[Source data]
################

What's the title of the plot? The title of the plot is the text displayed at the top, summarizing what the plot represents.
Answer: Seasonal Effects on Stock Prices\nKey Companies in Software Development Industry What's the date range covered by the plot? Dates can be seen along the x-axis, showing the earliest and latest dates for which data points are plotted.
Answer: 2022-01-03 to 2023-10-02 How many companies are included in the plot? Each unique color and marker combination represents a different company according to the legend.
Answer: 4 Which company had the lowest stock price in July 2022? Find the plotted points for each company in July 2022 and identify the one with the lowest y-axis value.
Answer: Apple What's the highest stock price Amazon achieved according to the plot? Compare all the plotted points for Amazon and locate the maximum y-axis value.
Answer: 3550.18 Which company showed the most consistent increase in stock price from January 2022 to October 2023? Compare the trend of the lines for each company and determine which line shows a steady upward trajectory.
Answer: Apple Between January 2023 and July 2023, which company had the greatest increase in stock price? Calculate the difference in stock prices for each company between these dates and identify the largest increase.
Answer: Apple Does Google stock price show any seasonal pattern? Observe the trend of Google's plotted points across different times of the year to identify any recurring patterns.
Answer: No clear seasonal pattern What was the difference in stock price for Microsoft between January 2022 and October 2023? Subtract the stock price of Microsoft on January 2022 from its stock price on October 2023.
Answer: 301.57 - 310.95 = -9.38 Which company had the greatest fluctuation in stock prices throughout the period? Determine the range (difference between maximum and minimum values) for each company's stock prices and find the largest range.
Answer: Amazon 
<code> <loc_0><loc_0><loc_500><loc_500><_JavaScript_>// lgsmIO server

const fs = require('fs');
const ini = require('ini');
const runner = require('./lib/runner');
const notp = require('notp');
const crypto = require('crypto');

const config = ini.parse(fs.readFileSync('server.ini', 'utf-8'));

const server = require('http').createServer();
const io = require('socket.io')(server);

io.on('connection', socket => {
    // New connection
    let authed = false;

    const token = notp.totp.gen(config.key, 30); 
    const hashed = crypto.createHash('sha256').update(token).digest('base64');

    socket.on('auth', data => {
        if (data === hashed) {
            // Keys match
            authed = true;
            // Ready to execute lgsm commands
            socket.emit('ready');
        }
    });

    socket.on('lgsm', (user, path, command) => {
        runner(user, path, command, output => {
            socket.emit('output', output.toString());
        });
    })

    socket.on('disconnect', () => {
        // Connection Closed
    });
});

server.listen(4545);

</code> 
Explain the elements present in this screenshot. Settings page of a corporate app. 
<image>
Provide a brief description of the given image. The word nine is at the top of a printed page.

################

[The task]: Among the lines above, return each one holding the string "require".

[Problem solution]:
const fs = require('fs');
const ini = require('ini');
const runner = require('./lib/runner');
const notp = require('notp');
const crypto = require('crypto');
const server = require('http').createServer();
const io = require('socket.io')(server);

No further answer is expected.